Of all the states going to the polls in the latest round of Assembly elections, West Bengal is grabbing the maximum eyeballs because of the keen contest between the incumbent Trinamool Congress and the main Opposition in the state, the Bharatiya Janata Party. Given the landslide victory that Mamata Banerjee achieved in 2016, her second stint in power after she uprooted the 35-year-old rule of the Left in 2011, it was expected—at least in the initial years of the second term—that she would romp home to victory in the 2021 elections as well. A state that had endured the Communists for three and a half decades, would surely give Mamata Banerjee three to four stints. But for every politician taking for granted the people’s mandate comes a reality check and for Mamata Banerjee it came in 2019 in the Lok Sabha elections. Confident of winning at least 40 of the 42 Lok Sabha seats from the state—and thus becoming Opposition contender for the post of Prime Minister if the elections had the BJP falling short of majority and allies—she had to wake up to the rude reality of not going beyond 22 seats, with the BJP breathing down her neck with 18 seats.
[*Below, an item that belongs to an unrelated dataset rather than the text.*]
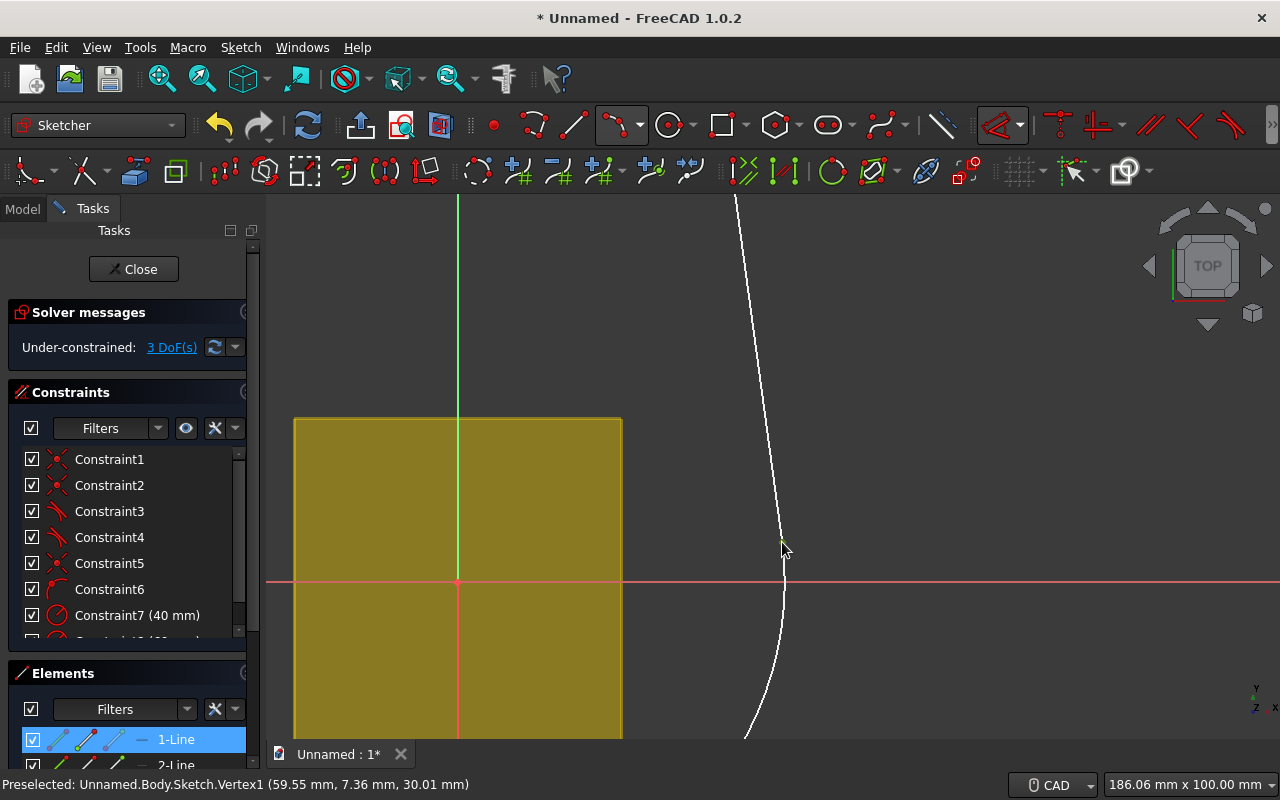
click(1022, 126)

What caused such voter anger against her? The watershed moment came in 2018 during the violence marred panchayat elections where most seats went uncontested and large swathes of rural Bengal were not allowed to vote. Mamata Banerjee’s Trinamool Congress (TMC) swept those elections, but lost its voters—at least a large section of them. Sadly, Bengal’s ruling party did not learn any lessons from 2019, and in 2021, the situation is such that no fair election in the state can be held without it being stretched into several phases and without Central forces being deployed at every booth. Even then there is no guarantee that the elections will be free of intimidation and violence. In fact, there is already some buzz that while the Central forces will man the booths, the intimidation will happen elsewhere—in other words, anyone not voting the ruling party will not be allowed to come out of their homes to vote. This may sound surreal to the rest of the country, but it’s a reality for many in Bengal, especially in the remote rural areas.

As rampant criminality at the grassroots raises the temperature on the ground, it would not be an exaggeration to say that the three “C’s” of 2021 Bengal elections are criminality, corruption and communal polarisation. Just like criminality, corruption too is so widespread that one cannot even strive to scrape the top of the iceberg. As for communal polarization, the trend of treating Bengal’s minority community as a vote bank was started by the Left and it was because this vote shifted to Mamata Banerjee that she was able to dislodge the comrades after years of trying. This trend has continued in Mamata Banerjee’s rule and at present, either naturally or by design, around a hundred or more seats out of 294 are decided by the minority community. This should explain the appeasement of the community that the Chief Minister has been accused of indulging in. The Lok Sabha elections in 2019 witnessed a voter backlash to this and in certain districts the TMC got wiped out from areas dominated by the majority community. It is perhaps keeping this in mind that the TMC supremo has cut down on the number of tickets given to candidates from the minority community—from 57 in 2016 to 42 in 2021. She has also been wooing the majority community lately, but if that has had any effect on voters will be known only on result day on 2 May. In fact, there is a lot of disaffection among the minority community too with Mamata Banerjee’s government. Voices are being raised about the Chief Minister not doing much for their development beyond paying lip service. It is this disaffection that the young cleric from Furfura Sharif, Abbas Siddiqui is hoping to tap into and become a kingmaker in case of a hung Assembly.

Apart from the 3Cs, joblessness is the single biggest issue this time. Industrially, Bengal is a barren landscape, which has resulted in large-scale migration. Such is the extent of migration, that Kolkata is turning into a greying city as the younger generation moves out of the state in search for livelihoods. The promise of poriborton with which Didi had come has remained largely unfulfilled, even though some municipal-level work has happened. And now the politics of freebies has come into play, which, however, is always a sign of desperation. But it will be wrong to write Mamata Banerjee off. She is a street fighter, with a flair for drama, as obvious from the way she is milking her accident—leading a march through Kolkata in her wheelchair. Also, she still tops most charts as the “most popular” candidate for Chief Minister. She is hoping to make the election about her, trying to cash in on her own “popularity”. If her party returns to power, it will be because the vote will be for her. And if the BJP comes to power, it will be because the vote will be against her party, in spite of her personal “popularity”.